== Task requirements ==
Type the records that follow again exactly as written, but drop the pictures.

___ Data under study

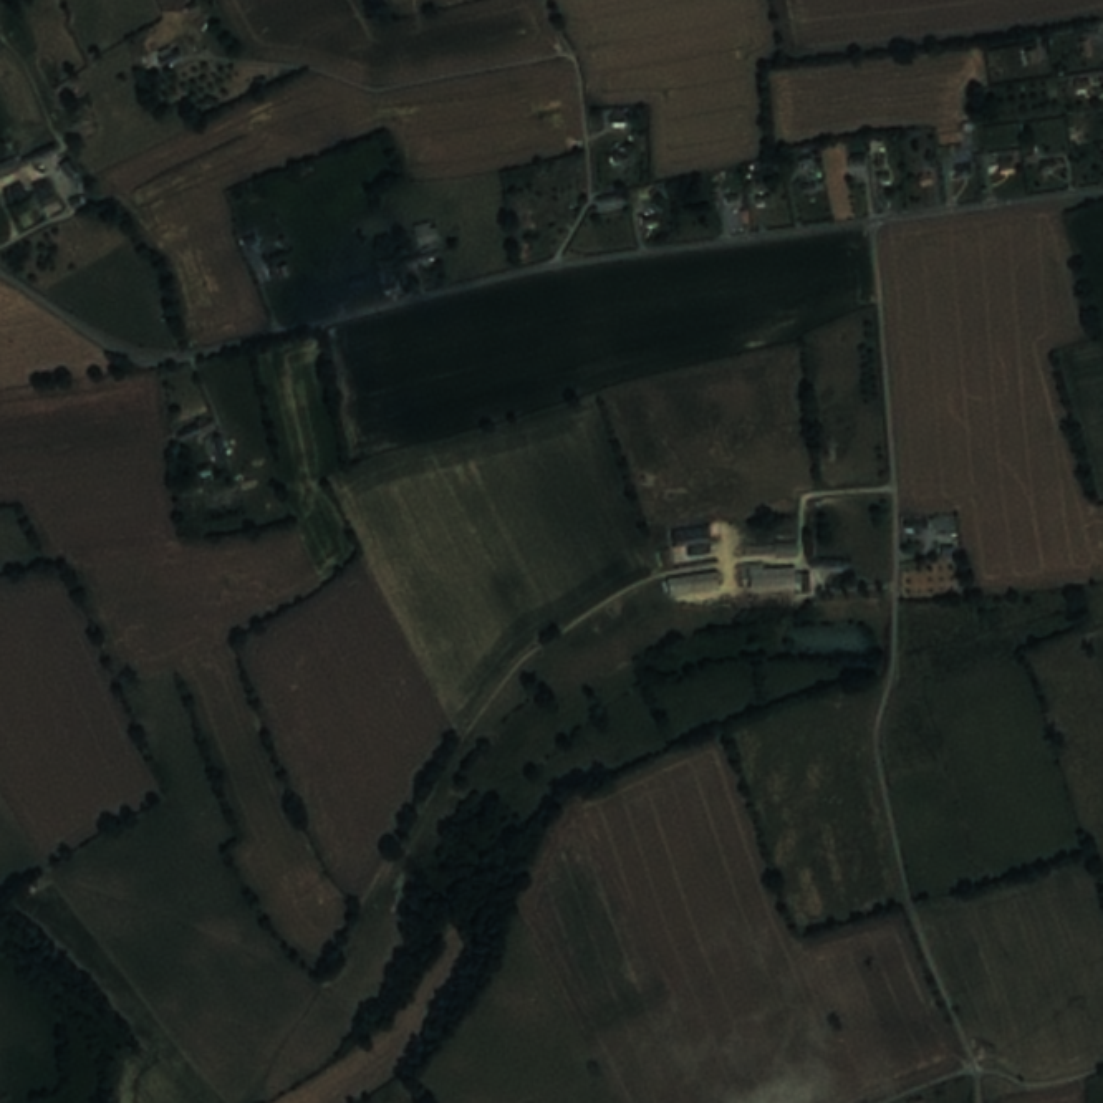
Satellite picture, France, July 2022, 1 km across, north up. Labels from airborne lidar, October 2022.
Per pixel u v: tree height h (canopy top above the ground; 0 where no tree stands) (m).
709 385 0
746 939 0
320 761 0
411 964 21
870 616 0
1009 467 0
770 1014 0
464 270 0
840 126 0
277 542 0
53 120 0
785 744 0
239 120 0
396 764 0
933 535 0
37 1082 0
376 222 0
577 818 0
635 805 0
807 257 0
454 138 0
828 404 0
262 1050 0
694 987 0
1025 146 10
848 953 0
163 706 0
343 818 0
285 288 0
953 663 0
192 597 0
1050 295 0
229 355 10
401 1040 0
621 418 0
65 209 0
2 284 0
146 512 0
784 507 0
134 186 0
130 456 0
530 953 0
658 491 0
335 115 0
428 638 0
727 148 0
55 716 0
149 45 0
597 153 0
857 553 0
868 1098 0
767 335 0
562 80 0
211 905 0
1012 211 0
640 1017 0
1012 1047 0
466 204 0
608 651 0
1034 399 0
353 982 0
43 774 0
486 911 19
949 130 0
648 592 0
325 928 0
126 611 0
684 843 0
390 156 13
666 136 0
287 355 0
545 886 0
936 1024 0
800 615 9
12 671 0
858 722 0
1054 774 0
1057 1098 0
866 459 0
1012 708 0
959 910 0
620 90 0
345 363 0
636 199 0
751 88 0
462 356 0
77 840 0
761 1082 0
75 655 0
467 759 7
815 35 0
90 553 0
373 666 0
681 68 0
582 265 0
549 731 0
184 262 0
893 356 0
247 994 0
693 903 0
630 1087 0
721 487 0
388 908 0
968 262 0
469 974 16
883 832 0
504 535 0
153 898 0
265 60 0
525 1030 0
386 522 0
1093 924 0
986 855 0
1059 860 10
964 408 0
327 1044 0
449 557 0
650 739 0
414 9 0
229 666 0
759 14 0
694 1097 0
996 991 0
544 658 0
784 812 0
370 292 0
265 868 0
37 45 0
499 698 0
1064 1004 0
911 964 0
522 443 0
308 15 0
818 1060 0
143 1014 0
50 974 16
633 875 0
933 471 0
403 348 0
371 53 0
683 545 0
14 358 0
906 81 0
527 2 0
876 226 0
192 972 0
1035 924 0
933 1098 0
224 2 0
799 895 0
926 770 0
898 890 0
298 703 0
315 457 0
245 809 0
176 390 0
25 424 0
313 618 0
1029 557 0
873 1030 0
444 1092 0
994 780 0
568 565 0
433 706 0
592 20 0
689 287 0
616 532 0
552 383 0
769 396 0
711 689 0
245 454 0
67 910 0
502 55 0
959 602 15
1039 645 16
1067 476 0
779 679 0
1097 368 0
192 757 0
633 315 0
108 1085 6
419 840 0
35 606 0
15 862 0
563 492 0
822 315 0
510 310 0
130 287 0
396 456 0
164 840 0
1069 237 0
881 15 0
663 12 0
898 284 0
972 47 8
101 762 0
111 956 0
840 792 0
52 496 0
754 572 0
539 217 0
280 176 6
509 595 0
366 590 0
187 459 11
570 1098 0
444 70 0
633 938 0
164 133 0
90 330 0
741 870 0
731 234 0
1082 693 0
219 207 0
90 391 0
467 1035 0
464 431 0
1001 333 0
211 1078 0
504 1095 0
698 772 0
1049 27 10
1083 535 0
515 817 7
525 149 0

______

== Completed task ==
Satellite picture, France, July 2022, 1 km across, north up. Labels from airborne lidar, October 2022.
Per pixel u v: tree height h (canopy top above the ground; 0 where no tree stands) (m).
709 385 0
746 939 0
320 761 0
411 964 21
870 616 0
1009 467 0
770 1014 0
464 270 0
840 126 0
277 542 0
53 120 0
785 744 0
239 120 0
396 764 0
933 535 0
37 1082 0
376 222 0
577 818 0
635 805 0
807 257 0
454 138 0
828 404 0
262 1050 0
694 987 0
1025 146 10
848 953 0
163 706 0
343 818 0
285 288 0
953 663 0
192 597 0
1050 295 0
229 355 10
401 1040 0
621 418 0
65 209 0
2 284 0
146 512 0
784 507 0
134 186 0
130 456 0
530 953 0
658 491 0
335 115 0
428 638 0
727 148 0
55 716 0
149 45 0
597 153 0
857 553 0
868 1098 0
767 335 0
562 80 0
211 905 0
1012 211 0
640 1017 0
1012 1047 0
466 204 0
608 651 0
1034 399 0
353 982 0
43 774 0
486 911 19
949 130 0
648 592 0
325 928 0
126 611 0
684 843 0
390 156 13
666 136 0
287 355 0
545 886 0
936 1024 0
800 615 9
12 671 0
858 722 0
1054 774 0
1057 1098 0
866 459 0
1012 708 0
959 910 0
620 90 0
345 363 0
636 199 0
751 88 0
462 356 0
77 840 0
761 1082 0
75 655 0
467 759 7
815 35 0
90 553 0
373 666 0
681 68 0
582 265 0
549 731 0
184 262 0
893 356 0
247 994 0
693 903 0
630 1087 0
721 487 0
388 908 0
968 262 0
469 974 16
883 832 0
504 535 0
153 898 0
265 60 0
525 1030 0
386 522 0
1093 924 0
986 855 0
1059 860 10
964 408 0
327 1044 0
449 557 0
650 739 0
414 9 0
229 666 0
759 14 0
694 1097 0
996 991 0
544 658 0
784 812 0
370 292 0
265 868 0
37 45 0
499 698 0
1064 1004 0
911 964 0
522 443 0
308 15 0
818 1060 0
143 1014 0
50 974 16
633 875 0
933 471 0
403 348 0
371 53 0
683 545 0
14 358 0
906 81 0
527 2 0
876 226 0
192 972 0
1035 924 0
933 1098 0
224 2 0
799 895 0
926 770 0
898 890 0
298 703 0
315 457 0
245 809 0
176 390 0
25 424 0
313 618 0
1029 557 0
873 1030 0
444 1092 0
994 780 0
568 565 0
433 706 0
592 20 0
689 287 0
616 532 0
552 383 0
769 396 0
711 689 0
245 454 0
67 910 0
502 55 0
959 602 15
1039 645 16
1067 476 0
779 679 0
1097 368 0
192 757 0
633 315 0
108 1085 6
419 840 0
35 606 0
15 862 0
563 492 0
822 315 0
510 310 0
130 287 0
396 456 0
164 840 0
1069 237 0
881 15 0
663 12 0
898 284 0
972 47 8
101 762 0
111 956 0
840 792 0
52 496 0
754 572 0
539 217 0
280 176 6
509 595 0
366 590 0
187 459 11
570 1098 0
444 70 0
633 938 0
164 133 0
90 330 0
741 870 0
731 234 0
1082 693 0
219 207 0
90 391 0
467 1035 0
464 431 0
1001 333 0
211 1078 0
504 1095 0
698 772 0
1049 27 10
1083 535 0
515 817 7
525 149 0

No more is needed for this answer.